TITLE: Baule Bo Nun Amuin
TYPE: face mask
GENERAL REGION: Africa
COUNTRY: Côte d’Ivoire (Ivory Coast)
ETHNICITY: Baule
DESCRIPTION: Bo Nun Amuin Mask
CATALOG ID: AFCI016
MAKER: Unknown
CEREMONY: Funeral; Protection; Social Control; Spirit Invocation
AGE: ca. 1980s
MAIN MATERIAL: wood
OTHER MATERIALS: pigment

The Baule are a relatively large ethnic group inhabiting the eastern Côte d’Ivoire and parts of Ghana. They have a variety of masking traditions, but their most religiously important is the bo nun amuin. Bo nun amuin, translated roughly “god risen from the bush,” are sacred masks worn only by men. They channel powerful bush spirits and as such are used at funerals of village notables, to protect the village from external threats, and to instill discipline and punishment on violators of customs, especially women. They are danced to the sound of a loud bull-roarer, to warn women and children not to watch.

In the past, bo nun amuin were kept in shrines outside of the village, but now are brought to bush shrines on the day before the dance. The men formerly appear naked before the masks to assure the spirit of their masculinity, but today they simply drop their pants when they approach the masks.
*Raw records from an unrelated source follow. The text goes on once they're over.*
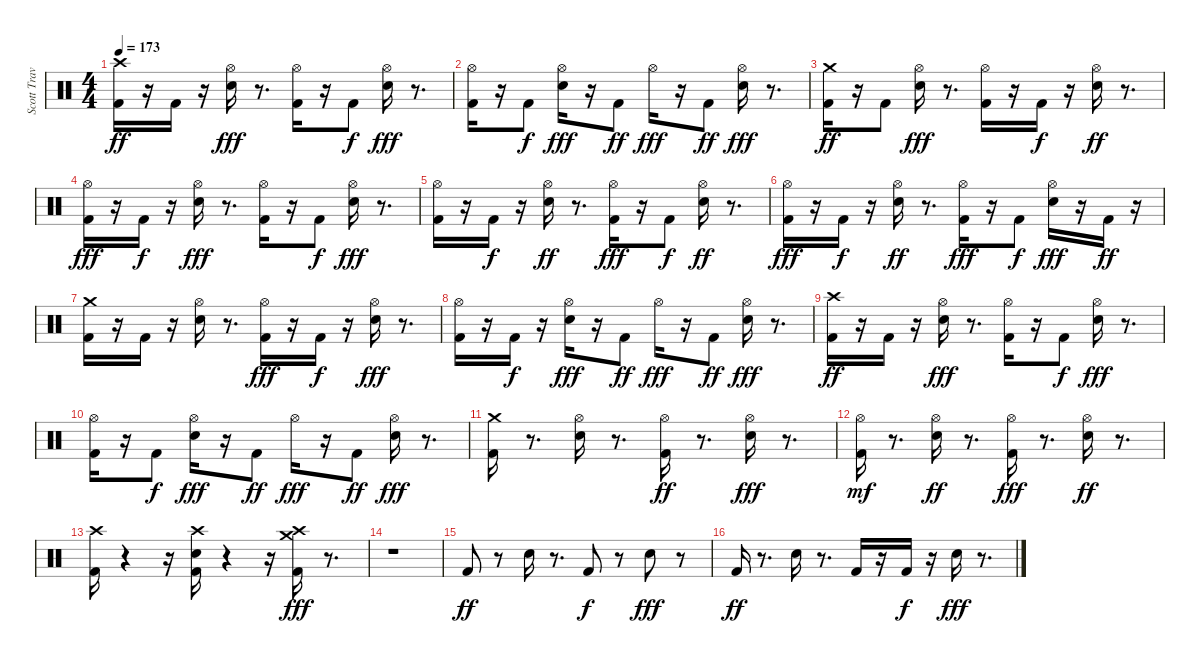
\track ("Scott Travis" "Scott Trav") {instrument percussion}
\staff {score}
\articulation defaults
\ts (4 4)
\tempo 173
\clef neutral
\ks c
("Crash high (hit)" "Kick (hit) 2").16{dy ff} r.16 "Kick (hit) 2".16 r.16 ("Hi-Hat (open)" "Snare (hit) 2").16{dy fff} r.8{d} ("Kick (hit) 2" "Hi-Hat (open)").16 r.16 "Kick (hit) 2".8{dy f} ("Snare (hit) 2" "Hi-Hat (open)").16{dy fff} r.8{d} |
("Kick (hit) 2" "Hi-Hat (open)").16 r.16 "Kick (hit) 2".8{dy f} ("Snare (hit) 2" "Hi-Hat (open)").16{dy fff} r.16 "Kick (hit) 2".8{dy ff} "Hi-Hat (open)".16{dy fff} r.16 "Kick (hit) 2".8{dy ff} ("Snare (hit) 2" "Hi-Hat (open)").16{dy fff} r.8{d} |
("Kick (hit) 2" "Crash medium (hit)").16{dy ff} r.16 "Kick (hit) 2".8 ("Hi-Hat (open)" "Snare (hit) 2").16{dy fff} r.8{d} ("Kick (hit) 2" "Hi-Hat (open)").16 r.16 "Kick (hit) 2".16{dy f} r.16 ("Hi-Hat (open)" "Snare (hit) 2").16{dy ff} r.8{d} |
("Hi-Hat (open)" "Kick (hit) 2").16{dy fff} r.16 "Kick (hit) 2".16{dy f} r.16 ("Snare (hit) 2" "Hi-Hat (open)").16{dy fff} r.8{d} ("Kick (hit) 2" "Hi-Hat (open)").16 r.16 "Kick (hit) 2".8{dy f} ("Snare (hit) 2" "Hi-Hat (open)").16{dy fff} r.8{d} |
("Kick (hit) 2" "Hi-Hat (open)").16 r.16 "Kick (hit) 2".16{dy f} r.16 ("Hi-Hat (open)" "Snare (hit) 2").16{dy ff} r.8{d} ("Kick (hit) 2" "Hi-Hat (open)").16{dy fff} r.16 "Kick (hit) 2".8{dy f} ("Hi-Hat (open)" "Snare (hit) 2").16{dy ff} r.8{d} |
("Kick (hit) 2" "Hi-Hat (open)").16{dy fff} r.16 "Kick (hit) 2".16{dy f} r.16 ("Hi-Hat (open)" "Snare (hit) 2").16{dy ff} r.8{d} ("Kick (hit) 2" "Hi-Hat (open)").16{dy fff} r.16 "Kick (hit) 2".8{dy f} ("Snare (hit) 2" "Hi-Hat (open)").16{dy fff} r.16 "Kick (hit) 2".16{dy ff} r.16 |
("Crash medium (hit)" "Kick (hit) 2").16 r.16 "Kick (hit) 2".16 r.16 ("Snare (hit) 2" "Hi-Hat (open)").16 r.8{d} ("Kick (hit) 2" "Hi-Hat (open)").16{dy fff} r.16 "Kick (hit) 2".16{dy f} r.16 ("Snare (hit) 2" "Hi-Hat (open)").16{dy fff} r.8{d} |
("Kick (hit) 2" "Hi-Hat (open)").16 r.16 "Kick (hit) 2".16{dy f} r.16 ("Snare (hit) 2" "Hi-Hat (open)").16{dy fff} r.16 "Kick (hit) 2".8{dy ff} "Hi-Hat (open)".16{dy fff} r.16 "Kick (hit) 2".8{dy ff} ("Snare (hit) 2" "Hi-Hat (open)").16{dy fff} r.8{d} |
("Crash high (hit)" "Kick (hit) 2").16{dy ff} r.16 "Kick (hit) 2".16 r.16 ("Hi-Hat (open)" "Snare (hit) 2").16{dy fff} r.8{d} ("Kick (hit) 2" "Hi-Hat (open)").16 r.16 "Kick (hit) 2".8{dy f} ("Snare (hit) 2" "Hi-Hat (open)").16{dy fff} r.8{d} |
("Kick (hit) 2" "Hi-Hat (open)").16 r.16 "Kick (hit) 2".8{dy f} ("Snare (hit) 2" "Hi-Hat (open)").16{dy fff} r.16 "Kick (hit) 2".8{dy ff} "Hi-Hat (open)".16{dy fff} r.16 "Kick (hit) 2".8{dy ff} ("Snare (hit) 2" "Hi-Hat (open)").16{dy fff} r.8{d} |
("Crash medium (hit)" "Kick (hit) 2").16 r.8{d} ("Snare (hit) 2" "Hi-Hat (open)").16 r.8{d} ("Hi-Hat (open)" "Kick (hit) 2").16{dy ff} r.8{d} ("Hi-Hat (open)" "Snare (hit) 2").16{dy fff} r.8{d} |
("Hi-Hat (open)" "Kick (hit) 2").16{dy mf} r.8{d} ("Hi-Hat (open)" "Snare (hit) 2").16{dy ff} r.8{d} ("Kick (hit) 2" "Hi-Hat (open)").16{dy fff} r.8{d} ("Hi-Hat (open)" "Snare (hit) 2").16{dy ff} r.8{d} |
("Crash high (hit)" "Kick (hit) 2").16 r.4 r.16 ("Crash high (hit)" "Kick (hit) 2" "Snare (hit) 2").16 r.4 r.16 ("Crash medium (hit)" "Kick (hit) 2" "Crash high (hit)").16{dy fff} r.8{d} |
r.1 |
"Kick (hit) 2".8{dy ff} r.8 "Snare (hit) 2".16 r.8{d} "Kick (hit) 2".8{dy f} r.8 "Snare (hit) 2".8{dy fff} r.8 |
"Kick (hit) 2".16{dy ff} r.8{d} "Snare (hit) 2".16 r.8{d} "Kick (hit) 2".16 r.16 "Kick (hit) 2".16{dy f} r.16 "Snare (hit) 2".16{dy fff} r.8{d}

Before crossing the shrine’s threshold palm wine or gin will be poured over it, and then spat onto the mask as an offering to the mask spirit. Before the 1970’s, war prisoners were sacrificed to the spirit, but today animals such as dogs or chickens are used.  The society eats the sacrificial meat, and then the heart and liver of the animal is spat on the mask as an offering. The dancer is bathed and puts on protective amulets, blade shaped bark around his hands and knees, and rattles on his feet. The society next evokes the spirit by singing, and the mask can then leave the shrine for the dance. After the dance, the men shout “k buno,” “go back to the bush,” to usher the potentially dangerous spirit out of the village.

Bo nun amuin masks have varied forms, but they tend to assume the form of a mythological beast combining attributes of an antelope and leopard, sometimes with anthropomorphic features as well. The resemblance to the kponyungo or “fire spitter” funerary mask of their Senufo neighbors is sometimes striking. This specific mask has the relatively unusual shape of an abstract, elongated warthog.